» Available records
=== Section Start ===
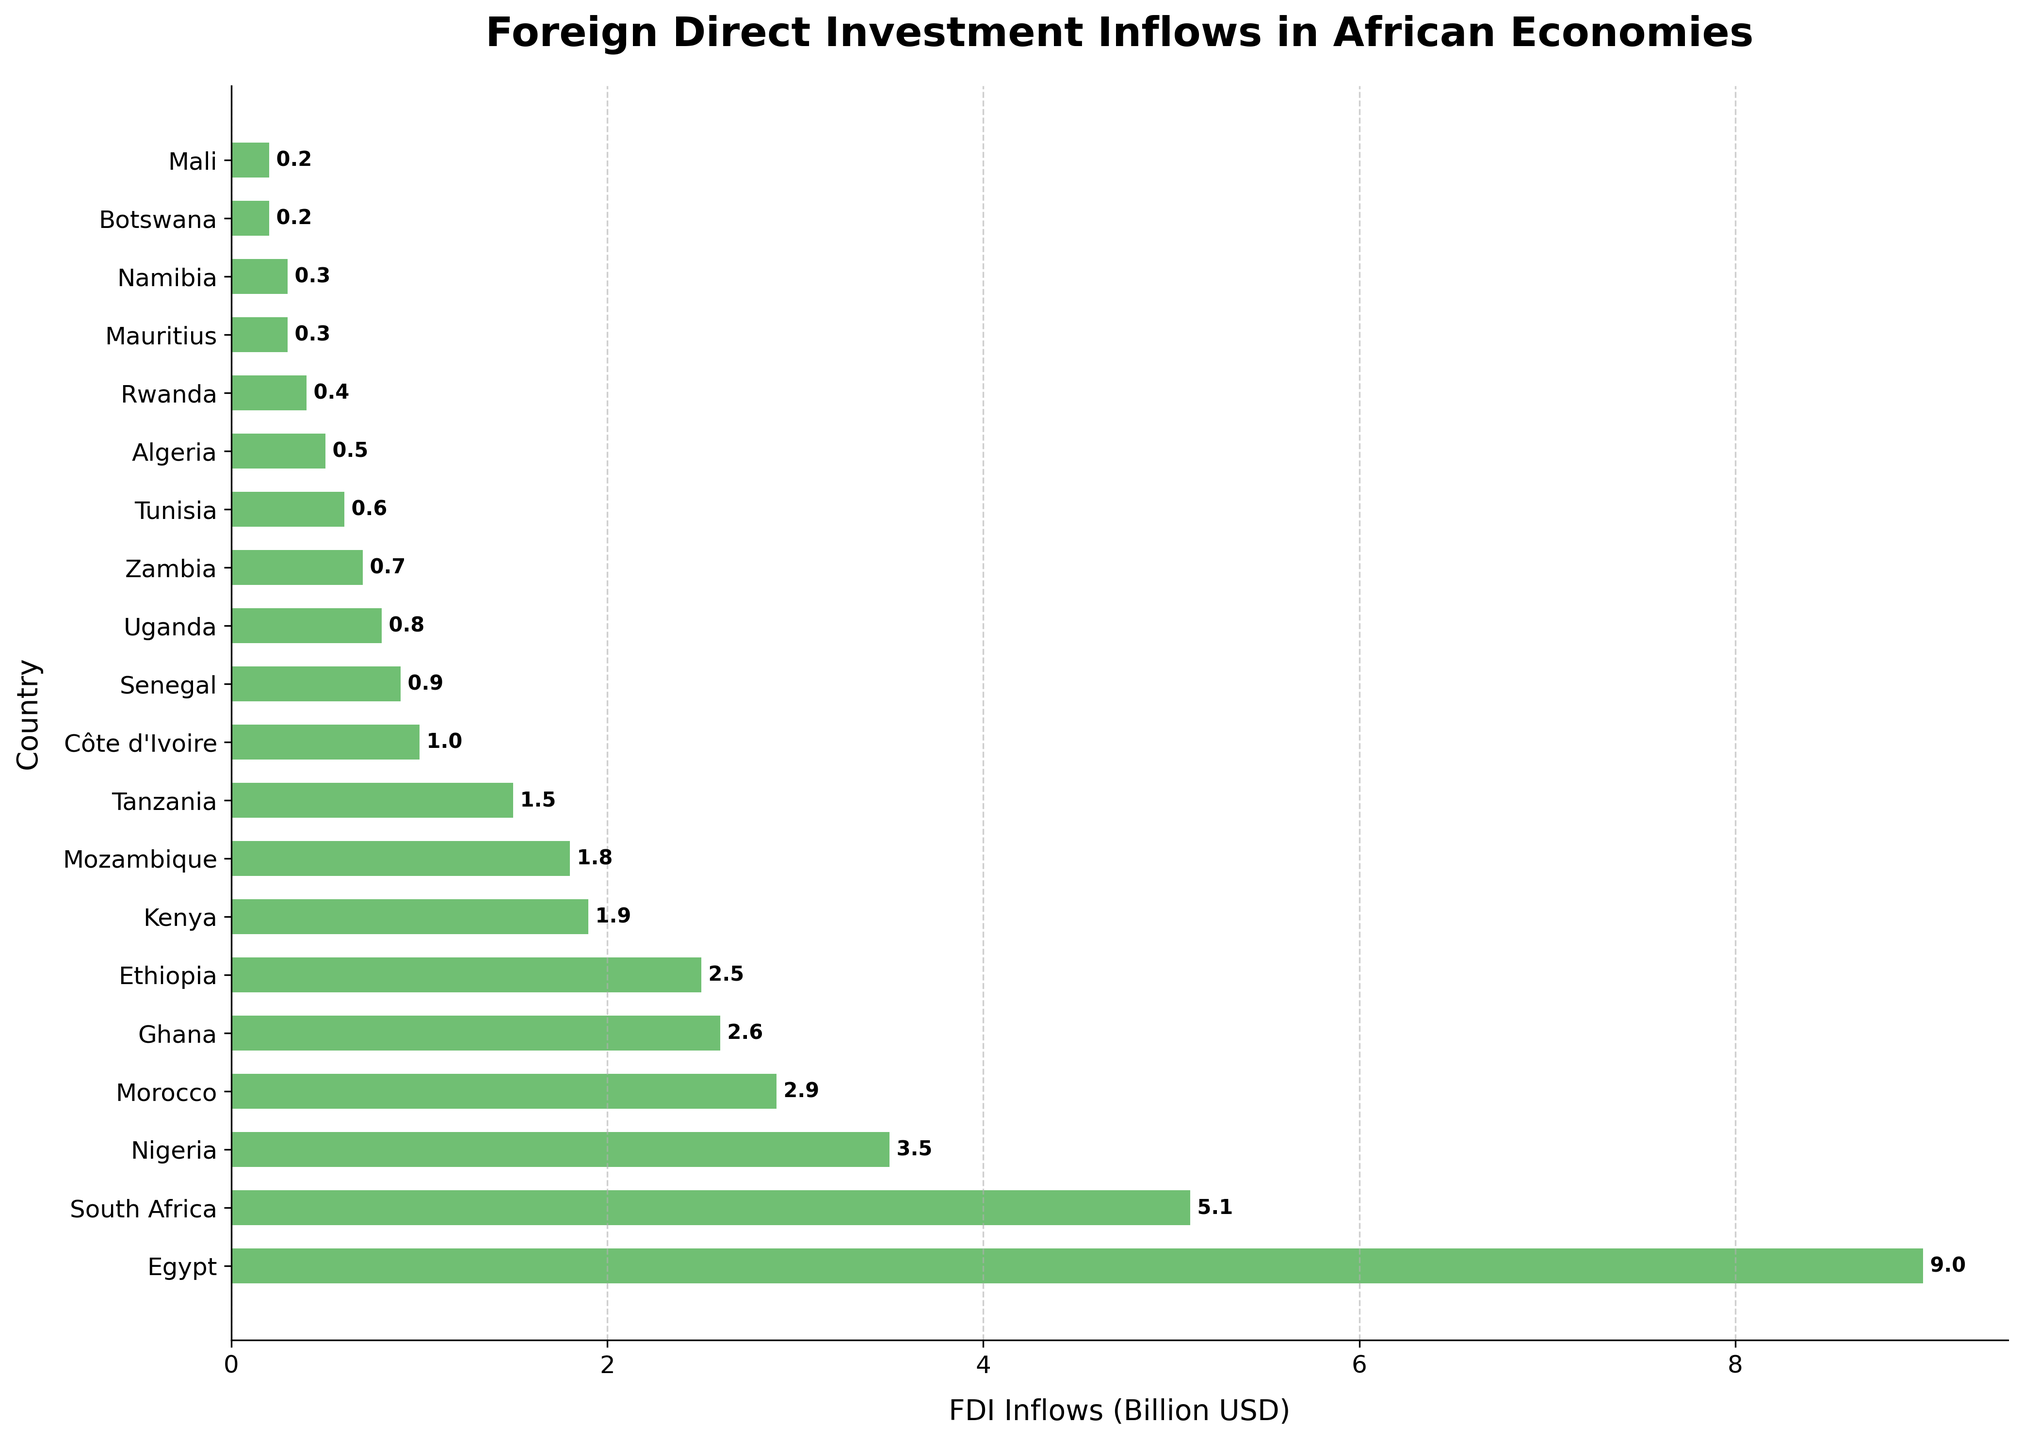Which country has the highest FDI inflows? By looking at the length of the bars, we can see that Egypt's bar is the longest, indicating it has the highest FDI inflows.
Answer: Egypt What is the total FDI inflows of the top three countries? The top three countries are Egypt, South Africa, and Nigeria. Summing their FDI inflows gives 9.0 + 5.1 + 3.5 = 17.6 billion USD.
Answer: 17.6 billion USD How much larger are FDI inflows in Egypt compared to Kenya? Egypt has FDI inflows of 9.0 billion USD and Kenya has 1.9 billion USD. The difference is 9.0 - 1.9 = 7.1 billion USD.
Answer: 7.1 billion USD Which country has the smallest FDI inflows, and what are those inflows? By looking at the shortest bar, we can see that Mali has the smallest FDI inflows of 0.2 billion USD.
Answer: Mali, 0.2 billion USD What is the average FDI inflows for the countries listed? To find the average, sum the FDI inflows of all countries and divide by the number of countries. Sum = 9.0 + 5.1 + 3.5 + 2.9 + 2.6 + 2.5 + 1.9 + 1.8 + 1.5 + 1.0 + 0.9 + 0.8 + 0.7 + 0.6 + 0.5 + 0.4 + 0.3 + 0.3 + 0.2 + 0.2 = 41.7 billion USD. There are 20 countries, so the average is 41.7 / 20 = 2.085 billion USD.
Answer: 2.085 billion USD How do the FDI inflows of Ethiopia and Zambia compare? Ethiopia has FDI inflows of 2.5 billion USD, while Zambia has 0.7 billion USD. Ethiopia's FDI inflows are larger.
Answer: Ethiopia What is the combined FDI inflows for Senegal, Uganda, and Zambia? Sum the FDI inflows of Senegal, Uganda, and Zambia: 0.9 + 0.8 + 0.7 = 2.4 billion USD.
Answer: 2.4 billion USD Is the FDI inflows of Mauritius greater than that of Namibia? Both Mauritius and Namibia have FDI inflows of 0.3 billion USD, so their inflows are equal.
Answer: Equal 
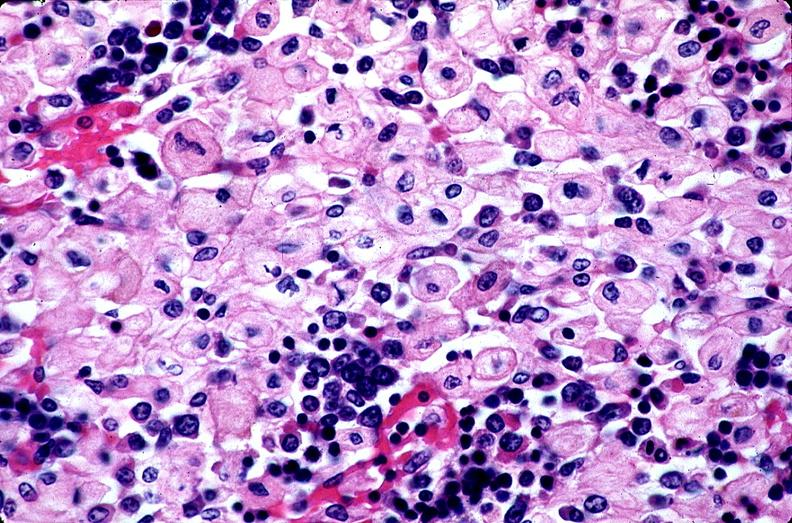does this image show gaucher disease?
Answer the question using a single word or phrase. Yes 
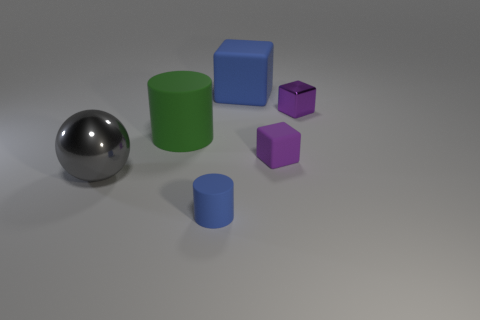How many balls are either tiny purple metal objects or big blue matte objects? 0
=== Section End ===
» Activity
Write out the entries above verbatim, without pictures.

» Task answer
Which country has the highest FDI inflows? By looking at the length of the bars, we can see that Egypt's bar is the longest, indicating it has the highest FDI inflows.
Answer: Egypt What is the total FDI inflows of the top three countries? The top three countries are Egypt, South Africa, and Nigeria. Summing their FDI inflows gives 9.0 + 5.1 + 3.5 = 17.6 billion USD.
Answer: 17.6 billion USD How much larger are FDI inflows in Egypt compared to Kenya? Egypt has FDI inflows of 9.0 billion USD and Kenya has 1.9 billion USD. The difference is 9.0 - 1.9 = 7.1 billion USD.
Answer: 7.1 billion USD Which country has the smallest FDI inflows, and what are those inflows? By looking at the shortest bar, we can see that Mali has the smallest FDI inflows of 0.2 billion USD.
Answer: Mali, 0.2 billion USD What is the average FDI inflows for the countries listed? To find the average, sum the FDI inflows of all countries and divide by the number of countries. Sum = 9.0 + 5.1 + 3.5 + 2.9 + 2.6 + 2.5 + 1.9 + 1.8 + 1.5 + 1.0 + 0.9 + 0.8 + 0.7 + 0.6 + 0.5 + 0.4 + 0.3 + 0.3 + 0.2 + 0.2 = 41.7 billion USD. There are 20 countries, so the average is 41.7 / 20 = 2.085 billion USD.
Answer: 2.085 billion USD How do the FDI inflows of Ethiopia and Zambia compare? Ethiopia has FDI inflows of 2.5 billion USD, while Zambia has 0.7 billion USD. Ethiopia's FDI inflows are larger.
Answer: Ethiopia What is the combined FDI inflows for Senegal, Uganda, and Zambia? Sum the FDI inflows of Senegal, Uganda, and Zambia: 0.9 + 0.8 + 0.7 = 2.4 billion USD.
Answer: 2.4 billion USD Is the FDI inflows of Mauritius greater than that of Namibia? Both Mauritius and Namibia have FDI inflows of 0.3 billion USD, so their inflows are equal.
Answer: Equal 
does this image show gaucher disease?
Answer the question using a single word or phrase. Yes 
How many balls are either tiny purple metal objects or big blue matte objects? 0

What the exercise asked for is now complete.